- What you need to do
Which lines in the data below contain the string "meters"? Show each one.

- Available data
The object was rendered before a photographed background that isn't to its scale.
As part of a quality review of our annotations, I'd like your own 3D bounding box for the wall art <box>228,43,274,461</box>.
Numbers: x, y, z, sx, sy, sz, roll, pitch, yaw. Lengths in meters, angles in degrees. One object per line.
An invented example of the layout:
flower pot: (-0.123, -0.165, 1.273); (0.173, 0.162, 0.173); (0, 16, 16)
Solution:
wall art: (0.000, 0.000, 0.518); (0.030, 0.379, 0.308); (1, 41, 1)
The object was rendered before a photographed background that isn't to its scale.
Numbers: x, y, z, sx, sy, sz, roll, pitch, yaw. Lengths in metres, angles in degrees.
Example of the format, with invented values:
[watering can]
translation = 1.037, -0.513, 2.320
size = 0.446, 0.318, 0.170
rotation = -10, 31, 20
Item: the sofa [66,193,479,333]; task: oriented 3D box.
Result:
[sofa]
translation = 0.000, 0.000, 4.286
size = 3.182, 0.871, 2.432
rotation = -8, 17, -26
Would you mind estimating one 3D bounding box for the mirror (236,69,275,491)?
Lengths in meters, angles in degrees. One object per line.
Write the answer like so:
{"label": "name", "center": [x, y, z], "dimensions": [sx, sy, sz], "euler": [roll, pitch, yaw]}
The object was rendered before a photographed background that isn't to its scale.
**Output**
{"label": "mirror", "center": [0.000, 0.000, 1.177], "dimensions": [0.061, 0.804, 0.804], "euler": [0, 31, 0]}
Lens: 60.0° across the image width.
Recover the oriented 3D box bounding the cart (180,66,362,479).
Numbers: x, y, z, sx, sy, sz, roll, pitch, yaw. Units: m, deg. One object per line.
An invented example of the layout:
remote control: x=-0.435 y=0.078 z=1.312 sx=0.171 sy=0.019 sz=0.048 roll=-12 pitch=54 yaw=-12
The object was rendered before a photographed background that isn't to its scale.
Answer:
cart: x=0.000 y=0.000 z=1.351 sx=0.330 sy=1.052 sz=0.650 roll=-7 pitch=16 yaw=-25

* * *

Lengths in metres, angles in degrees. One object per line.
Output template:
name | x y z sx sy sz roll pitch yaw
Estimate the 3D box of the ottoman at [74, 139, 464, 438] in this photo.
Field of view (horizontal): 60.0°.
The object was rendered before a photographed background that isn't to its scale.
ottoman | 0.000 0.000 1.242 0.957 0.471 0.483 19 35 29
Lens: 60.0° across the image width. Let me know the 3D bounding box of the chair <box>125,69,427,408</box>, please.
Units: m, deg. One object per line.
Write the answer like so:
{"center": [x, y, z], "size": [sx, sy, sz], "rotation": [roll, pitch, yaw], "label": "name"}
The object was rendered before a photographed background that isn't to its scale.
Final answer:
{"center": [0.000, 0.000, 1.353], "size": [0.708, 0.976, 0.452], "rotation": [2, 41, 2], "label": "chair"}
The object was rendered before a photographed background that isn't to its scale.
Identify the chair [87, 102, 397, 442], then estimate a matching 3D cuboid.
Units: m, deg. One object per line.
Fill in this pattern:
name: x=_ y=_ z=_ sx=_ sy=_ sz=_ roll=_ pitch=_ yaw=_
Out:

==

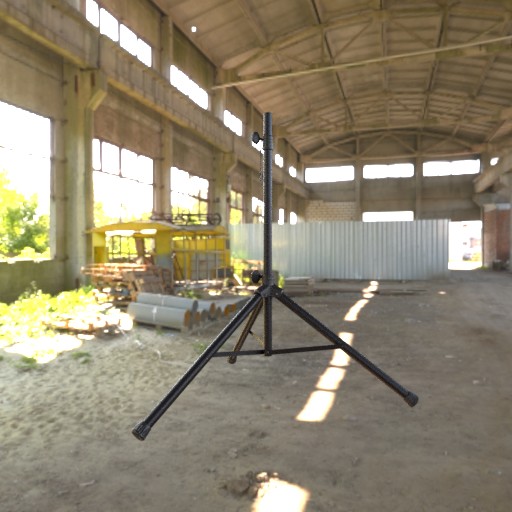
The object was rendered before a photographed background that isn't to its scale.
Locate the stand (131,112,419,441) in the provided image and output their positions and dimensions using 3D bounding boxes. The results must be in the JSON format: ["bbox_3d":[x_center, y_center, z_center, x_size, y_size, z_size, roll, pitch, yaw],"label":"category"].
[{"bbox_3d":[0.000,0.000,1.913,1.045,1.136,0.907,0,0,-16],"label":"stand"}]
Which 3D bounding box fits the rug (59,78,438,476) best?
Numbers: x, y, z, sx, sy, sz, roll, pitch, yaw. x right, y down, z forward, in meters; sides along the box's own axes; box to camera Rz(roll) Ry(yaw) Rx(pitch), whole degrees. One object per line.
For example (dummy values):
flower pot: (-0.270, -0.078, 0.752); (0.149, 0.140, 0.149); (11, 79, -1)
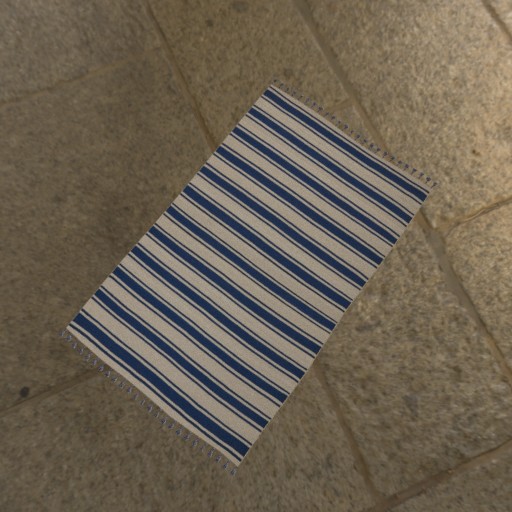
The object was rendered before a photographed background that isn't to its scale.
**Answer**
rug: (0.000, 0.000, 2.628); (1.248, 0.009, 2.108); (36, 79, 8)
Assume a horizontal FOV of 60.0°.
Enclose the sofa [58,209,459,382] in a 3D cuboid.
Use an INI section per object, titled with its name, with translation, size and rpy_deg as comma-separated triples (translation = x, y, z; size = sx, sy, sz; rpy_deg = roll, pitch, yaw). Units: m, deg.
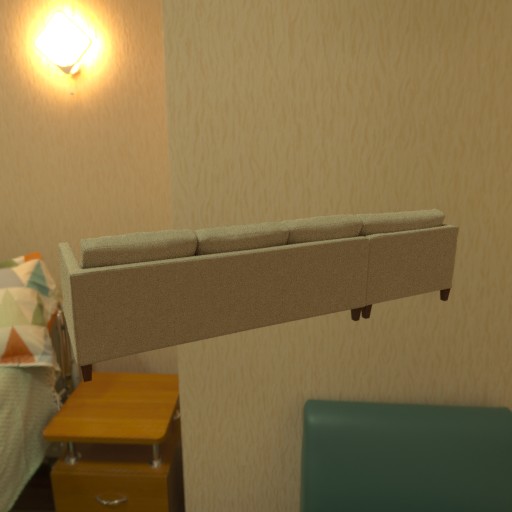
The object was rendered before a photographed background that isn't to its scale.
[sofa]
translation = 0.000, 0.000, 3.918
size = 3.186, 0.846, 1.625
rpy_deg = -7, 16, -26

- Solution to this problem
Numbers: x, y, z, sx, sy, sz, roll, pitch, yaw. Lengths in meters, angles in degrees. One object per line.
Lengths in meters, angles in degrees. One object per line.
Numbers: x, y, z, sx, sy, sz, roll, pitch, yaw. x right, y down, z forward, in meters; sides along the box's own axes; box to camera Rz(roll) Ry(yaw) Rx(pitch), whole degrees. One object per line.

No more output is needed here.